What I do have is a contract which says that from January through the middle of March, I am the librarian who is solely responsible for all administration of the FAA’s Mike Monroney Aeronautical Center library. This contract will not be renewed in March, because the library has been officially closed to the public as of February 22nd and, unofficially, will not be reopened.
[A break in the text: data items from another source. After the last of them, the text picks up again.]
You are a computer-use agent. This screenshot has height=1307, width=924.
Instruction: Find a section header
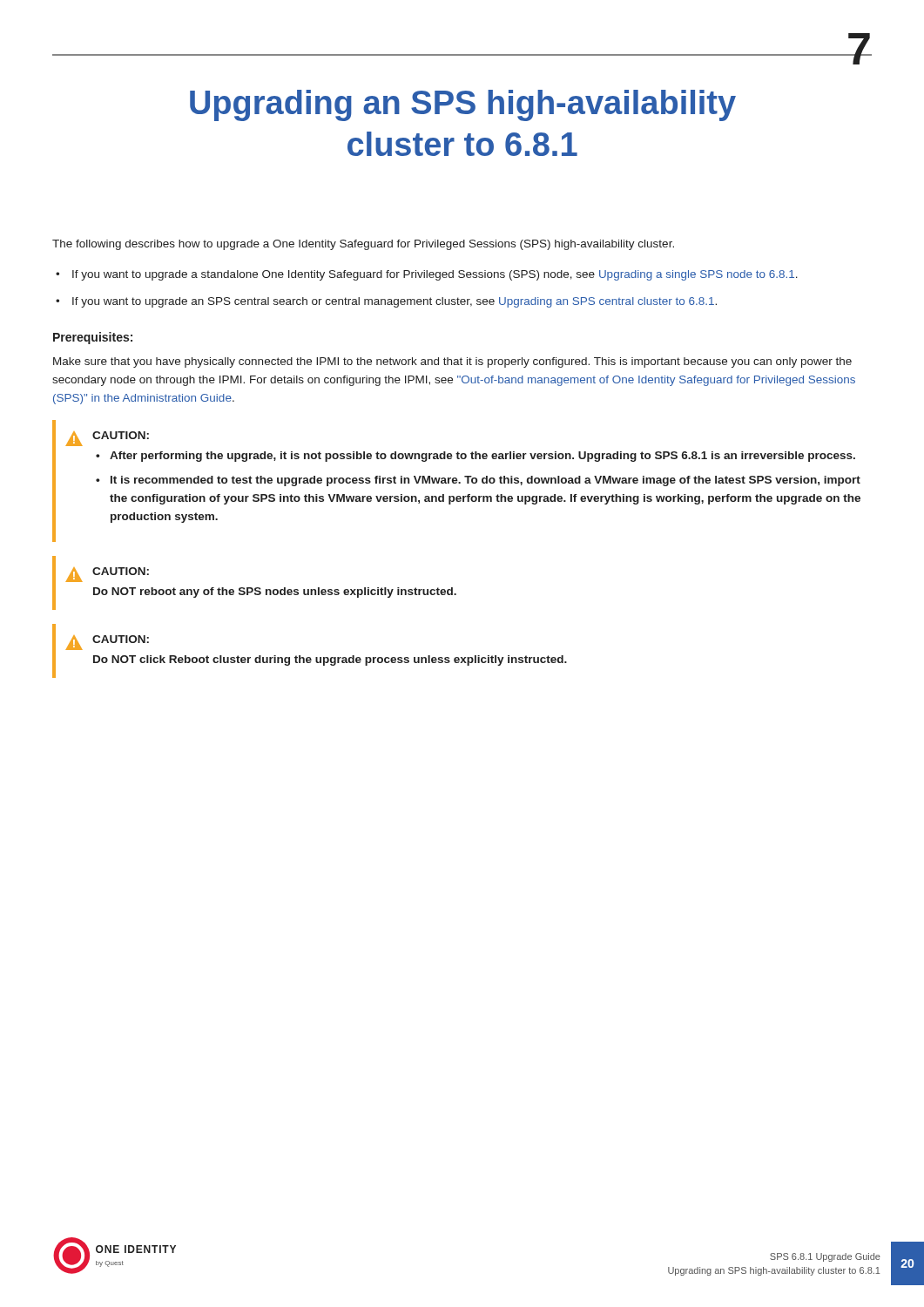[93, 337]
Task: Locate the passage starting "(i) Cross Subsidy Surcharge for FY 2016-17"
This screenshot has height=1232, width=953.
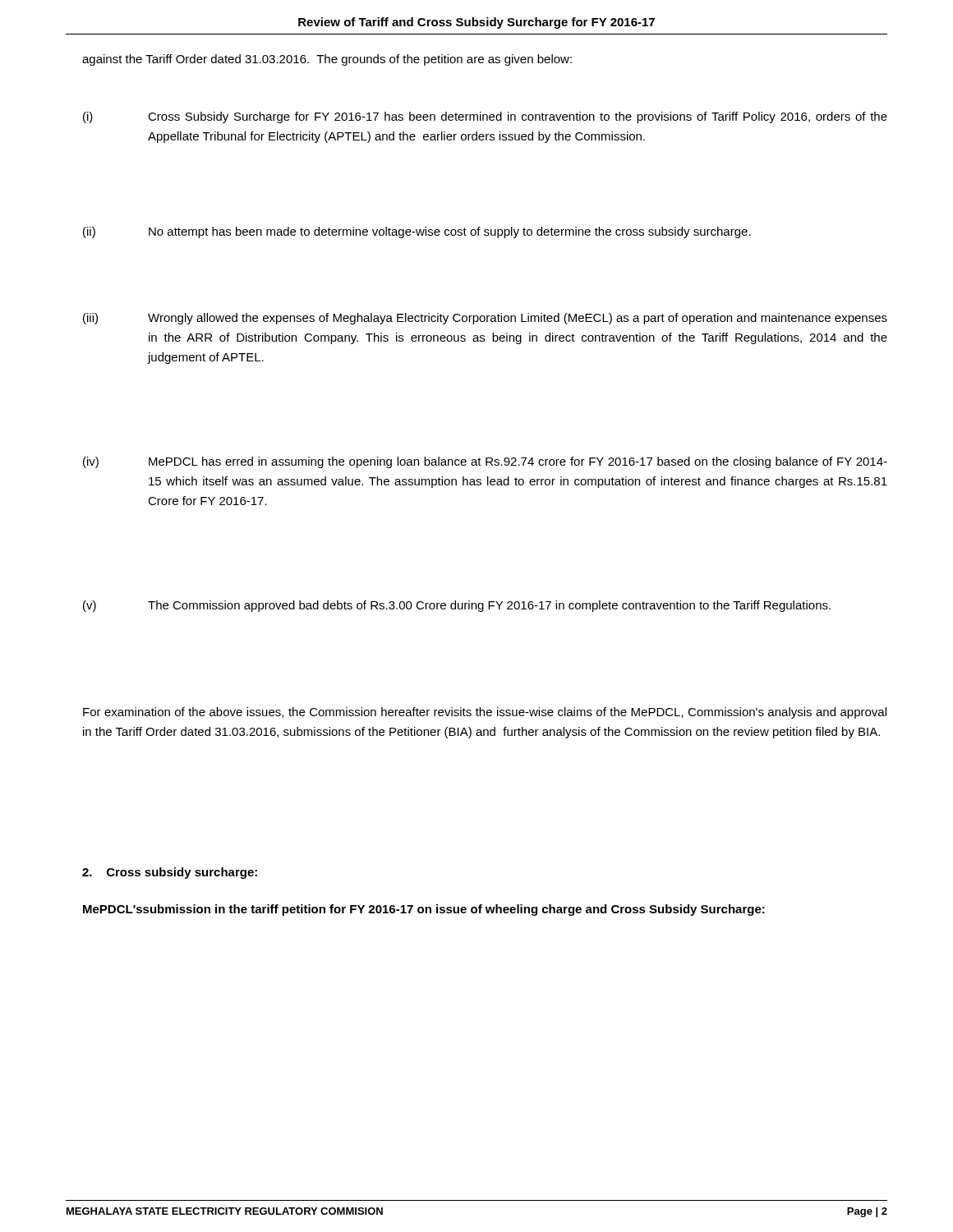Action: tap(485, 127)
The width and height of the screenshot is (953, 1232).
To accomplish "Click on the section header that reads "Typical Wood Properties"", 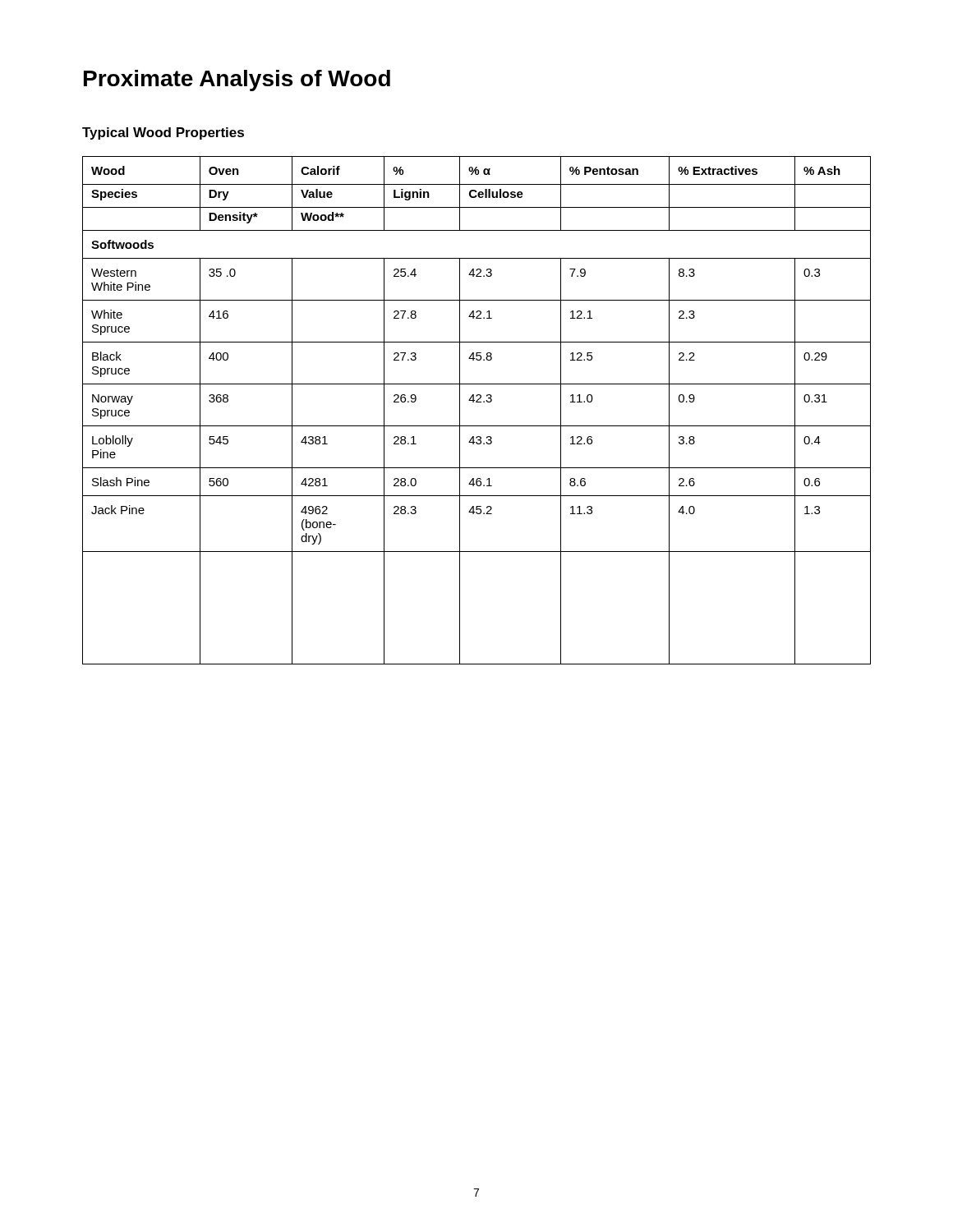I will [163, 133].
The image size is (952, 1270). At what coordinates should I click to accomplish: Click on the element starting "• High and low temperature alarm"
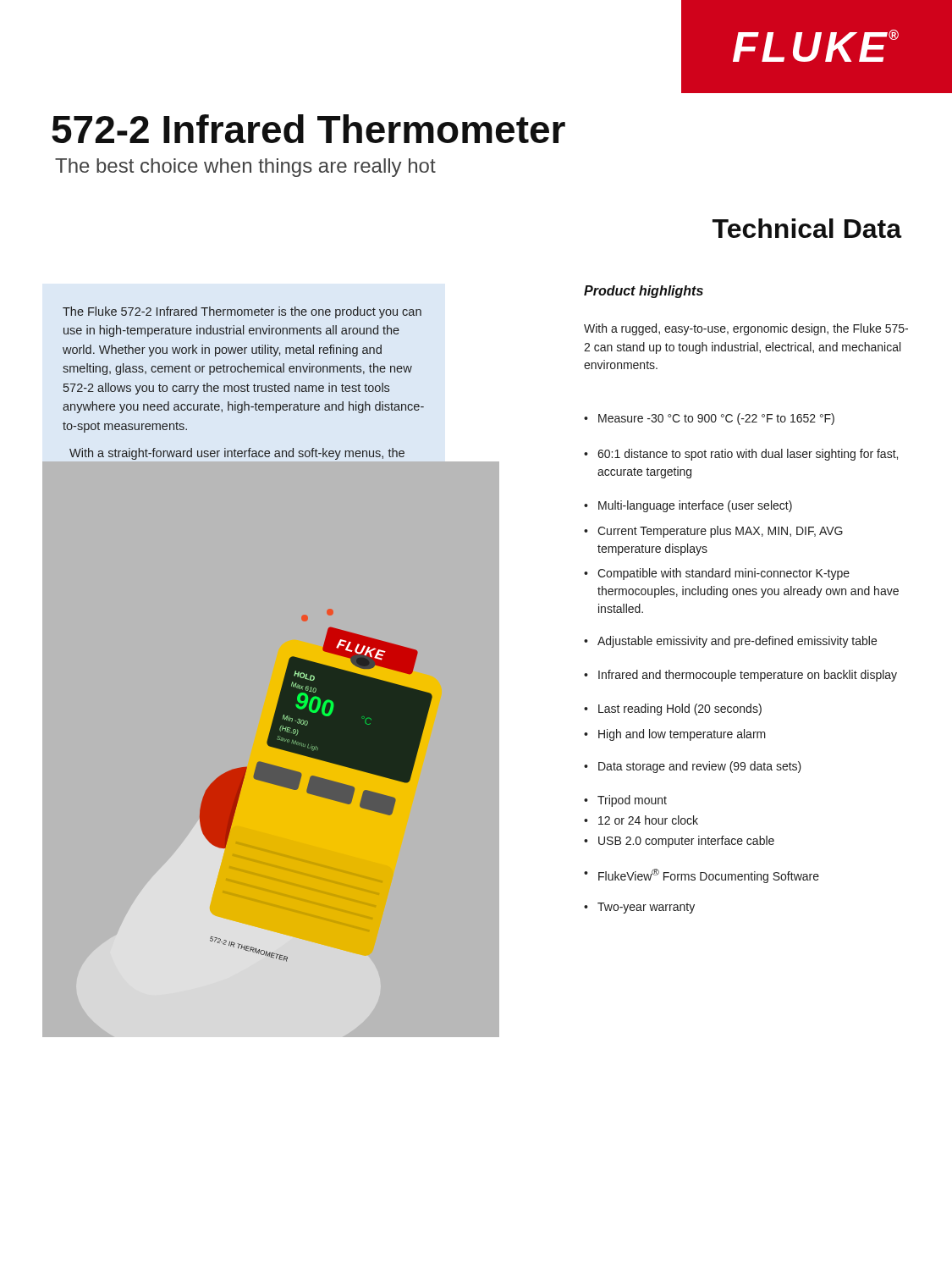pos(747,735)
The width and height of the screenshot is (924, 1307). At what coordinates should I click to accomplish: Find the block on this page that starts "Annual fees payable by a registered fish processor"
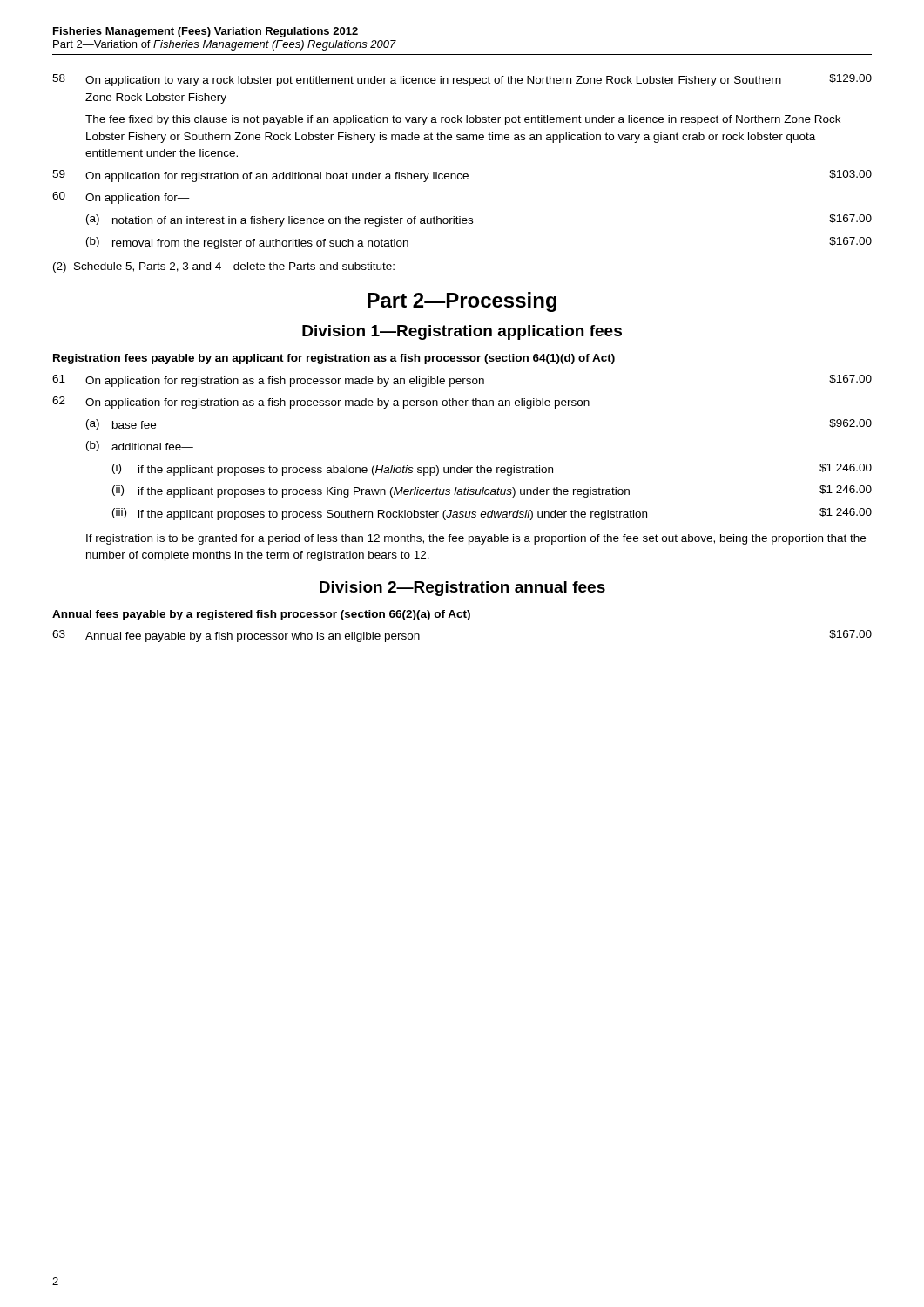[x=261, y=614]
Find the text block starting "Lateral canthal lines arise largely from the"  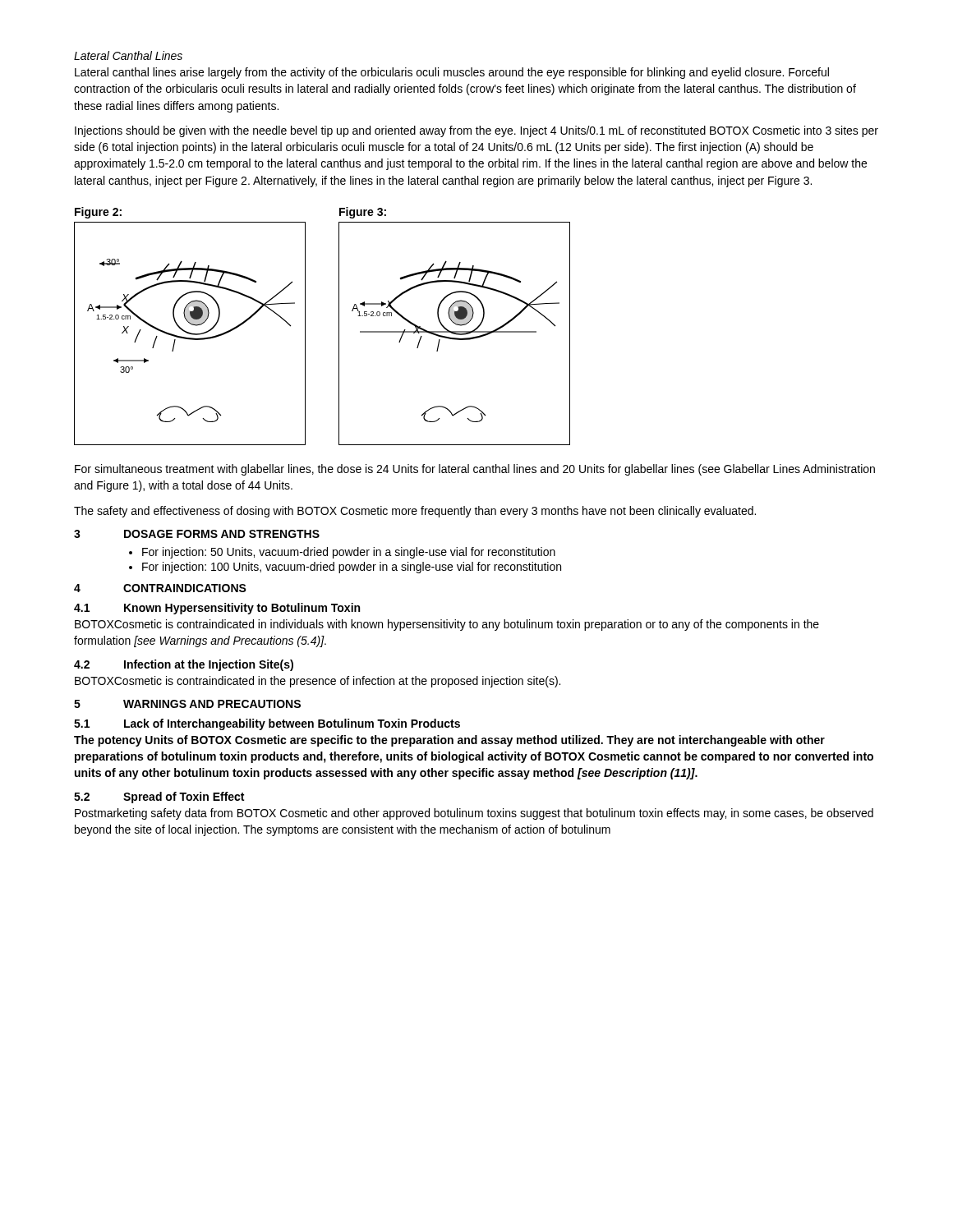point(476,89)
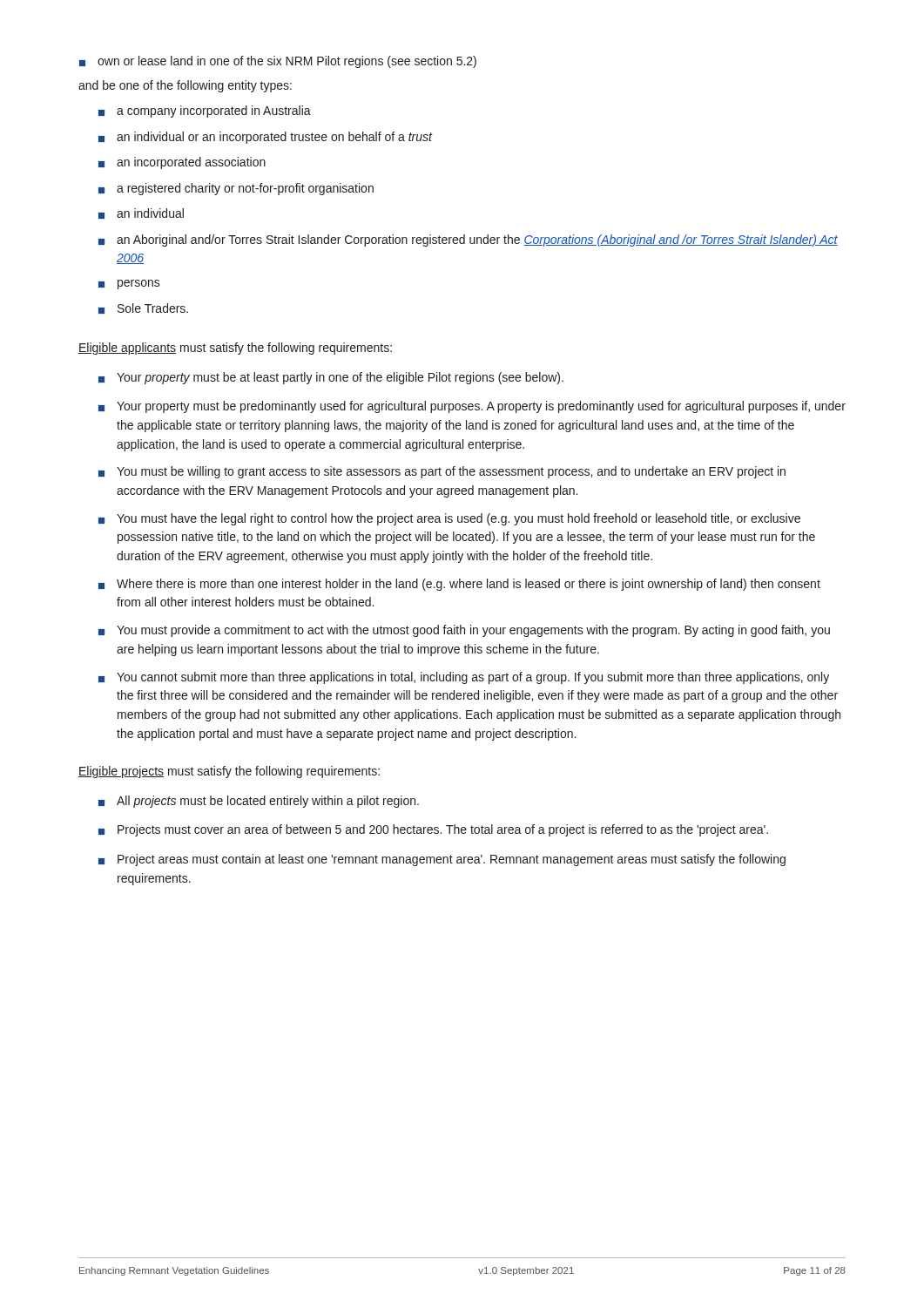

The library is attached to the FAA academy, where our nation’s air traffic controllers and inspectors are trained and re-trained. By the time I began my short term in January, the rumor of the library’s closing was already well circulated. As a contractor in the FAA, I am told virtually nothing by anyone, but the basic gist seems to be that the Employee Association (EA) “bookstore” wants the space for itself, since its own building is old and relatively far away from the wallets of the academy’s students. I put quotes around the word bookstore because you’d be hard-pressed to find many books there. It’s mostly a souvenir gift shop, specializing in FAA-themed t-shirts and colorful ID badge lanyards.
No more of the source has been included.